A significant breakthrough was achieved in the fight against cybercrime as cybersecurity firm Group-IB, in collaboration with the Royal Thai Police and Singapore Police Force, successfully apprehended a notorious hacker responsible for more than 90 major data breaches in 25 countries, with 65 of these attacks targeting the Asia-Pacific region.
This prolific cybercriminal, known by multiple aliases such as ALTDOS, DESORDEN, GHOSTR, and 0mid16B, managed to infiltrate and extract a staggering 13 terabytes of sensitive data between 2020 and 2025, affecting various industries ranging from healthcare to government entities.
The joint investigation, led by Group-IB’s Digital Crime Resistance Centers (DCRCs) in Thailand and Singapore, culminated in a raid on the hacker’s hideout in Thailand. Law enforcement authorities seized numerous electronic devices, laptops, and luxury items that were purchased using illicit funds obtained from selling stolen data on the dark web.
According to the Royal Thai Police, the arrested individual is confirmed to have been involved in cyberattacks against multinational corporations, small businesses, and government databases, with victims spread across Thailand, India, Indonesia, the UK, and the United States.

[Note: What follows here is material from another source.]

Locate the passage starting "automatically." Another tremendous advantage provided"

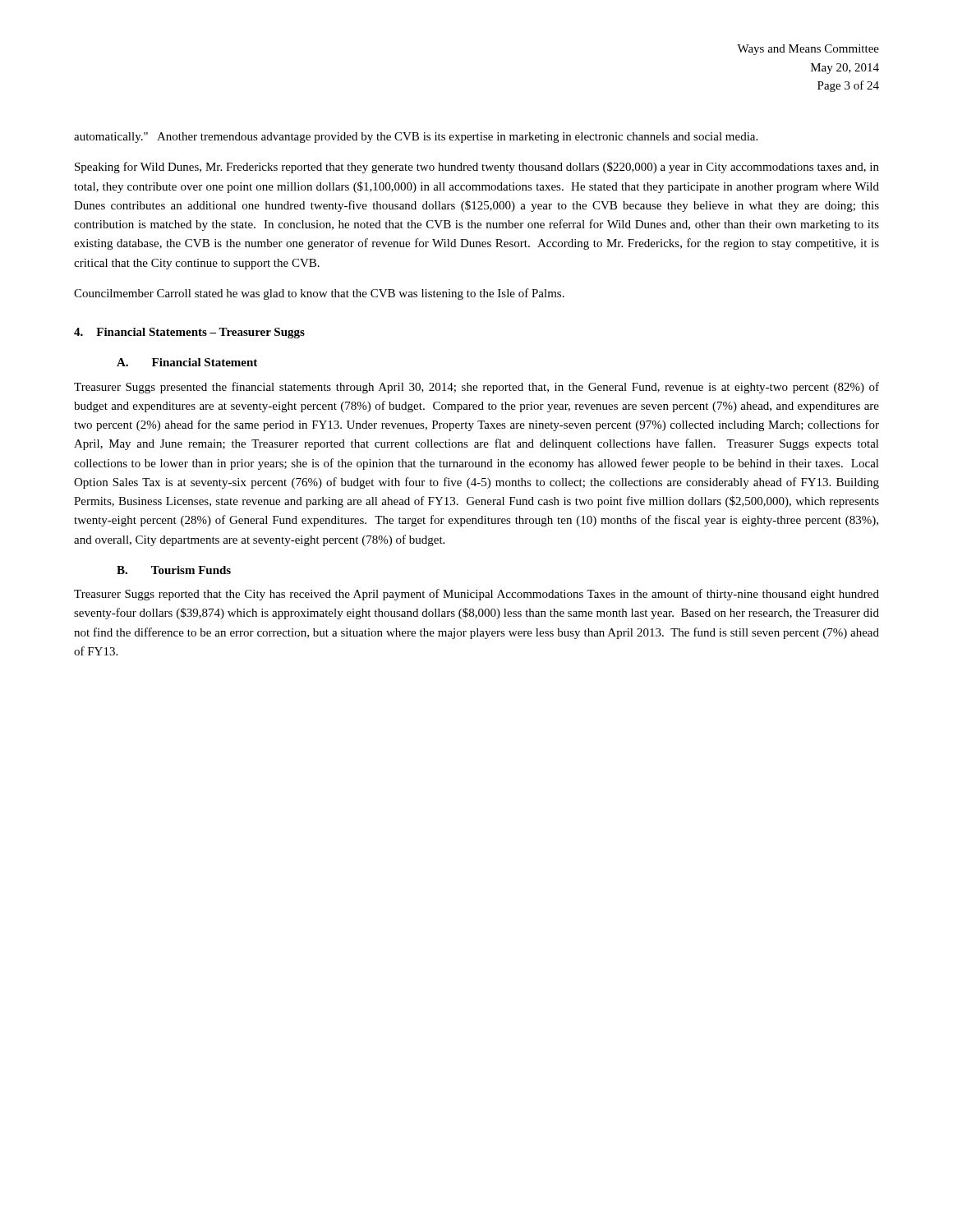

Initially operating under the alias ALTDOS in 2020, the hacker primarily targeted Thai entities by utilizing SQL injection tools such as sqlmap and exploiting vulnerabilities in Remote Desktop Protocol (RDP) servers to gain unauthorized access to networks. Unlike typical ransomware attackers, this criminal prioritized data theft over encryption, threatening victims with exposing their information through media outlets or data regulators unless a ransom was paid.
As the hacker evolved and rebranded as DESORDEN in 2023, the scope of the attacks expanded to include healthcare providers and financial institutions across the Asia-Pacific region. Analysts observed a shift towards using CobaltStrike beacon deployments for persistent access within networks, resulting in the theft of 9.5 million patient records from a regional hospital chain.

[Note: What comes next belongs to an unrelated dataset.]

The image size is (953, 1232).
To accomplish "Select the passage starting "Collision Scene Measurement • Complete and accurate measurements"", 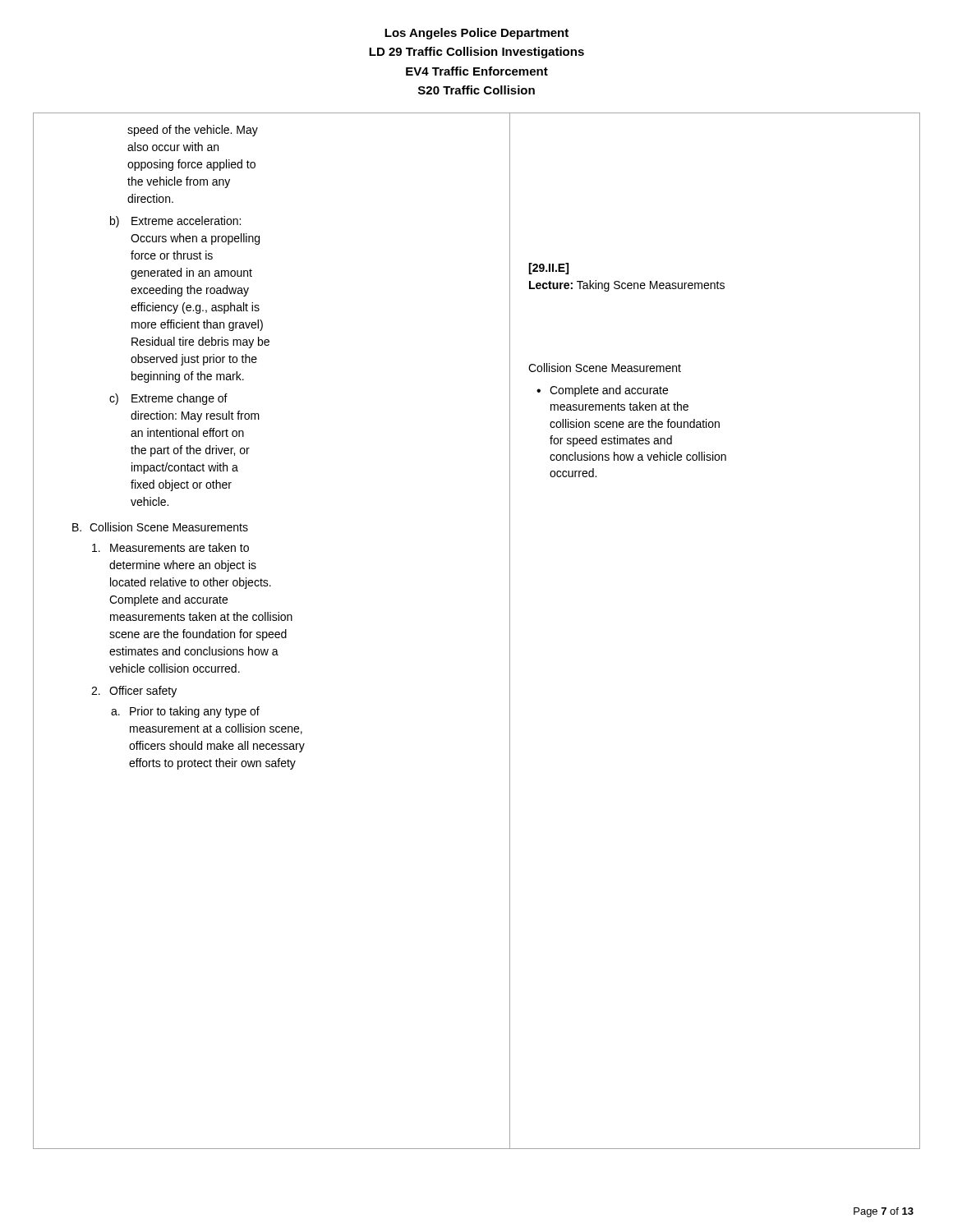I will coord(716,421).

Under the aliases GHOSTR and 0mid16B in 2024, the cybercriminal escalated his attacks on Western entities, including a UK logistics firm and a Canadian insurance provider. To avoid detection, the hacker frequently changed personas, communication channels, and data-sharing platforms. However, Group-IB’s AI-driven dark web monitoring was able to link the various aliases by detecting linguistic patterns, posting formats, and victim geography.

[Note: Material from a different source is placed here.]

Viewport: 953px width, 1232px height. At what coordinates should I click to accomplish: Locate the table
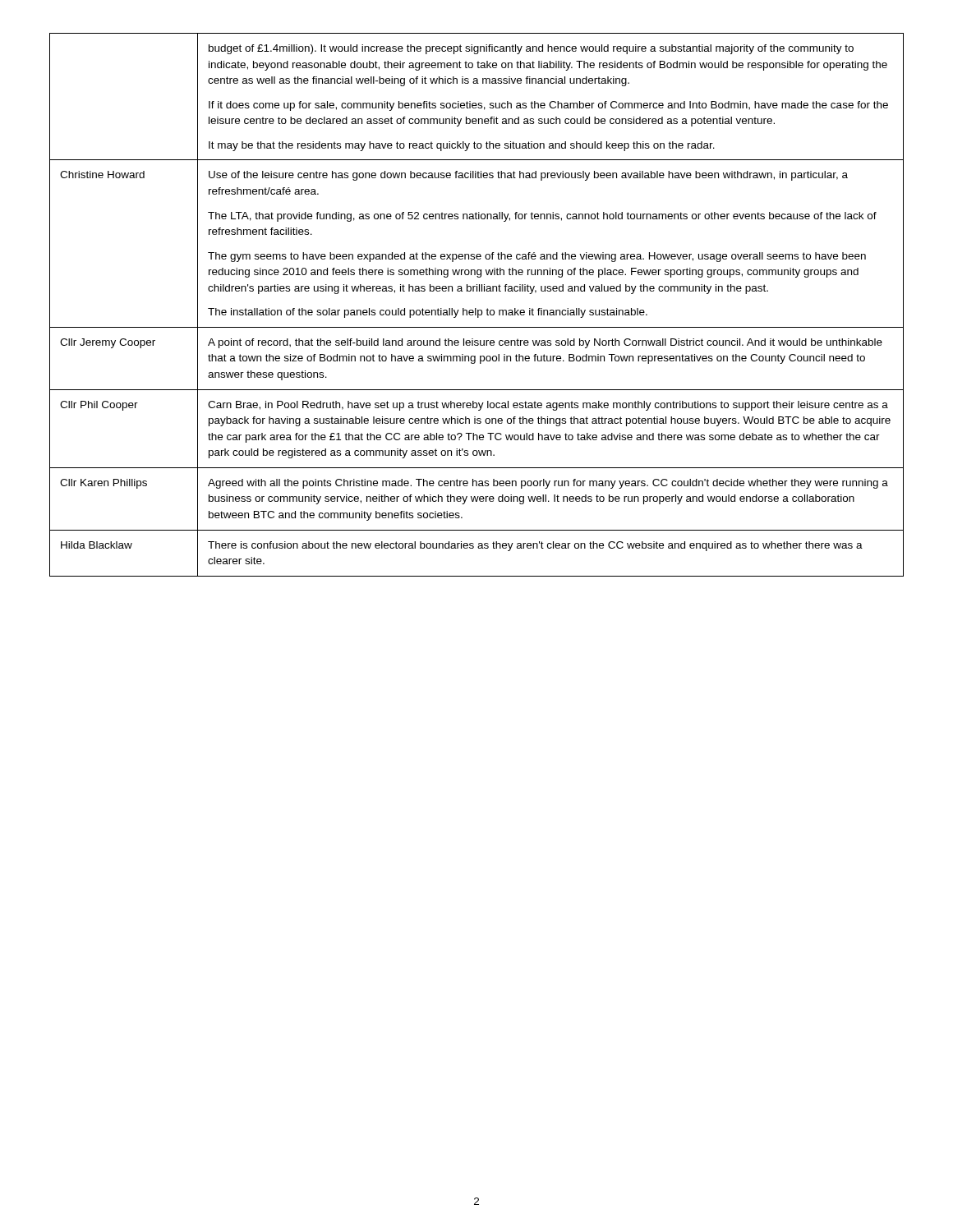coord(476,305)

The hacker’s malicious activities compromised sensitive data of more than 40 million individuals, including national ID numbers, medical histories, and financial records. One particular breach resulted in a Middle Eastern government agency losing 2.7 terabytes of citizen data, leading to concerns about identity theft on a national scale.
Legal experts anticipate severe penalties under Thailand’s Computer Crimes Act and Singapore’s Cybersecurity Act, which could result in up to 20 years of imprisonment for aggravated cybercrimes. This case highlights the importance of collaborative efforts between law enforcement agencies and private cybersecurity firms in combating cyber threats.
The arrest of this prolific hacker serves as a stark reminder of the ever-present digital vulnerabilities that organizations and individuals face in today’s interconnected world. Authorities emphasize the need for organizations to patch vulnerabilities, monitor third-party access, and implement robust threat-hunting mechanisms to mitigate cyber risks effectively.
Moving forward, INTERPOL intends to utilize the insights gained from this operation to enhance global dark web surveillance protocols and prevent similar large-scale cyber campaigns. The takedown of this cybercriminal not only delivers a semblance of justice to the victims but also underscores the ongoing battle against cyber threats in the digital landscape.